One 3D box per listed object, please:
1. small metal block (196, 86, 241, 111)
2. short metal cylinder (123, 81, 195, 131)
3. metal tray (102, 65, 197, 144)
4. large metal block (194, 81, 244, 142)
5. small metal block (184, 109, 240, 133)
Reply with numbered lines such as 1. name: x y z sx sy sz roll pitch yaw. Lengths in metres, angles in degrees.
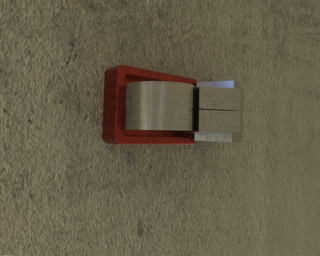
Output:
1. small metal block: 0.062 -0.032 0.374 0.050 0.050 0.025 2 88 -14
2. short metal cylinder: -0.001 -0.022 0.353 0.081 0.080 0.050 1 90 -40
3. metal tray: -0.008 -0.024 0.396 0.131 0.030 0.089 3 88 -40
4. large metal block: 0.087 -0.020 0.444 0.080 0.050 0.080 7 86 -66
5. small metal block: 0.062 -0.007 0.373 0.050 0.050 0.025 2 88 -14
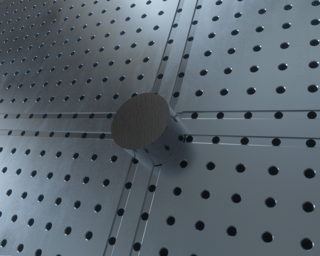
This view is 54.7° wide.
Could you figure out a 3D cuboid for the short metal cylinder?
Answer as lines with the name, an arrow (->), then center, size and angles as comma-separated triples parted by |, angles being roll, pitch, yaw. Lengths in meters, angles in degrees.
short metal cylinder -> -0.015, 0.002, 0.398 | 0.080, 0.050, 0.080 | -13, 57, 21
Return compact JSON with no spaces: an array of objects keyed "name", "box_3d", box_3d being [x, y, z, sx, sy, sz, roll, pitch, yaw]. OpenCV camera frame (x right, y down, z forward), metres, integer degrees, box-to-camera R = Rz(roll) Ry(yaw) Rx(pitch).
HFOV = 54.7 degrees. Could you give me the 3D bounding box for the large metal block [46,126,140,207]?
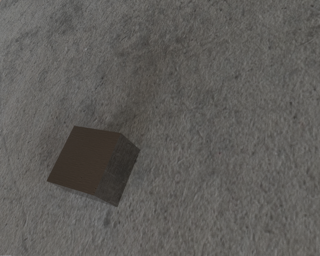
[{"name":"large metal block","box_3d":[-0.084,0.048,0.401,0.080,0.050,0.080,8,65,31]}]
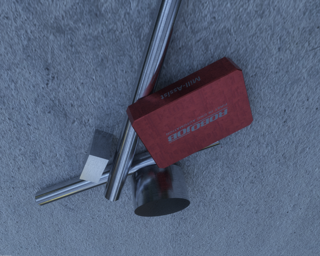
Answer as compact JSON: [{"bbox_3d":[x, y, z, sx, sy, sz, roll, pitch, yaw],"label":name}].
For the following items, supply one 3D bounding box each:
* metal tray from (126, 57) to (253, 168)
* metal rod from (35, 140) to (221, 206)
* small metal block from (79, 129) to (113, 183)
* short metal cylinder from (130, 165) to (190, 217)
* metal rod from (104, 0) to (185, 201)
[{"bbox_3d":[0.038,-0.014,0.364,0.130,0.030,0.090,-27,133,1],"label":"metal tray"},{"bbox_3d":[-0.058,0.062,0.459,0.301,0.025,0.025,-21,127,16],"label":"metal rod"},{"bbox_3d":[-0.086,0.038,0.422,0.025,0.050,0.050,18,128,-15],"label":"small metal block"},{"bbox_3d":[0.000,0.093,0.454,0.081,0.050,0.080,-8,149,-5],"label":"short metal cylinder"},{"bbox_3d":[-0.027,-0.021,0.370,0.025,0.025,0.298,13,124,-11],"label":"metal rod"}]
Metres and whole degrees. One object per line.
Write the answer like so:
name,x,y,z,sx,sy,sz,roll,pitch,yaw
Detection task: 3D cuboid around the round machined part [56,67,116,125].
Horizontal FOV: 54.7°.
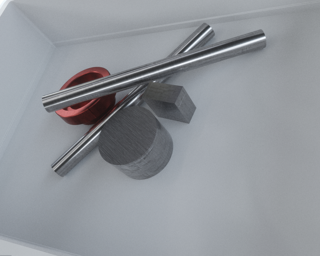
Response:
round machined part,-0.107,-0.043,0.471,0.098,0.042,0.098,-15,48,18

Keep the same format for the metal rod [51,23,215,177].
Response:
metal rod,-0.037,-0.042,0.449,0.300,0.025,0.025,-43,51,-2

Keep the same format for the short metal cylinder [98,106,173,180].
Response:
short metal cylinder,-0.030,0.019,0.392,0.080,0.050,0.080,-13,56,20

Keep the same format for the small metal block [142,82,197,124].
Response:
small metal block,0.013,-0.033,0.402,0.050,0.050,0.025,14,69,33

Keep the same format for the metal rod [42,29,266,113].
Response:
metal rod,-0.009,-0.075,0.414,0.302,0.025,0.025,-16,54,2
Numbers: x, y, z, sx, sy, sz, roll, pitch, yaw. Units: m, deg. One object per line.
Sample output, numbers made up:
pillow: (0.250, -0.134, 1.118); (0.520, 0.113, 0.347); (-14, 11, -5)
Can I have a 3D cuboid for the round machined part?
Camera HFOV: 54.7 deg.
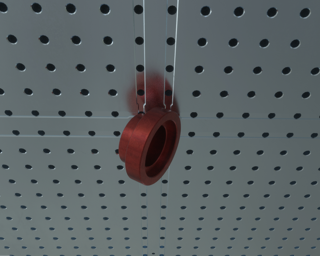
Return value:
___
_WHAT YOU NEED TO DO:_
All of the data must be repeated exactly, except for the pictures.

_ANSWER TO THIS EXERCISE:_
One 3D box per listed object, please:
1. small metal block (196, 86, 241, 111)
2. short metal cylinder (123, 81, 195, 131)
3. metal tray (102, 65, 197, 144)
4. large metal block (194, 81, 244, 142)
5. small metal block (184, 109, 240, 133)
Reply with numbered lines such as 1. name: x y z sx sy sz roll pitch yaw. Lengths in metres, angles in degrees.
Output:
1. small metal block: 0.062 -0.032 0.374 0.050 0.050 0.025 2 88 -14
2. short metal cylinder: -0.001 -0.022 0.353 0.081 0.080 0.050 1 90 -40
3. metal tray: -0.008 -0.024 0.396 0.131 0.030 0.089 3 88 -40
4. large metal block: 0.087 -0.020 0.444 0.080 0.050 0.080 7 86 -66
5. small metal block: 0.062 -0.007 0.373 0.050 0.050 0.025 2 88 -14
This view is 54.7° wide.
Could you figure out a 3D cuboid for the short metal cylinder?
Answer as lines with the name, an arrow (->), then center, size and angles as comma-separated triples parted by |, angles being roll, pitch, yaw. Lengths in meters, angles in degrees.
short metal cylinder -> -0.015, 0.002, 0.398 | 0.080, 0.050, 0.080 | -13, 57, 21
Return compact JSON with no spaces: an array of objects keyed "name", "box_3d", box_3d being [x, y, z, sx, sy, sz, roll, pitch, yaw]. OpenCV camera frame (x right, y down, z forward), metres, integer degrees, box-to-camera R = Rz(roll) Ry(yaw) Rx(pitch).
HFOV = 54.7 degrees. Could you give me the 3D bounding box for the large metal block [46,126,140,207]?
[{"name":"large metal block","box_3d":[-0.084,0.048,0.401,0.080,0.050,0.080,8,65,31]}]
Answer as compact JSON: [{"bbox_3d":[x, y, z, sx, sy, sz, roll, pitch, yaw],"label":name}].
For the following items, supply one 3D bounding box each:
* metal tray from (126, 57) to (253, 168)
* metal rod from (35, 140) to (221, 206)
* small metal block from (79, 129) to (113, 183)
* short metal cylinder from (130, 165) to (190, 217)
* metal rod from (104, 0) to (185, 201)
[{"bbox_3d":[0.038,-0.014,0.364,0.130,0.030,0.090,-27,133,1],"label":"metal tray"},{"bbox_3d":[-0.058,0.062,0.459,0.301,0.025,0.025,-21,127,16],"label":"metal rod"},{"bbox_3d":[-0.086,0.038,0.422,0.025,0.050,0.050,18,128,-15],"label":"small metal block"},{"bbox_3d":[0.000,0.093,0.454,0.081,0.050,0.080,-8,149,-5],"label":"short metal cylinder"},{"bbox_3d":[-0.027,-0.021,0.370,0.025,0.025,0.298,13,124,-11],"label":"metal rod"}]
Metres and whole degrees. One object per line.
Write the answer like so:
name,x,y,z,sx,sy,sz,roll,pitch,yaw
Detection task: 3D cuboid around the round machined part [56,67,116,125].
Horizontal FOV: 54.7°.
Response:
round machined part,-0.107,-0.043,0.471,0.098,0.042,0.098,-15,48,18

Keep the same format for the metal rod [51,23,215,177].
Response:
metal rod,-0.037,-0.042,0.449,0.300,0.025,0.025,-43,51,-2

Keep the same format for the short metal cylinder [98,106,173,180].
Response:
short metal cylinder,-0.030,0.019,0.392,0.080,0.050,0.080,-13,56,20

Keep the same format for the small metal block [142,82,197,124].
Response:
small metal block,0.013,-0.033,0.402,0.050,0.050,0.025,14,69,33

Keep the same format for the metal rod [42,29,266,113].
Response:
metal rod,-0.009,-0.075,0.414,0.302,0.025,0.025,-16,54,2
Numbers: x, y, z, sx, sy, sz, roll, pitch, yaw. Units: m, deg. One object per line.
Sample output, numbers made up:
pillow: (0.250, -0.134, 1.118); (0.520, 0.113, 0.347); (-14, 11, -5)
Can I have a 3D cuboid for the round machined part?
Camera HFOV: 54.7 deg.
Return value:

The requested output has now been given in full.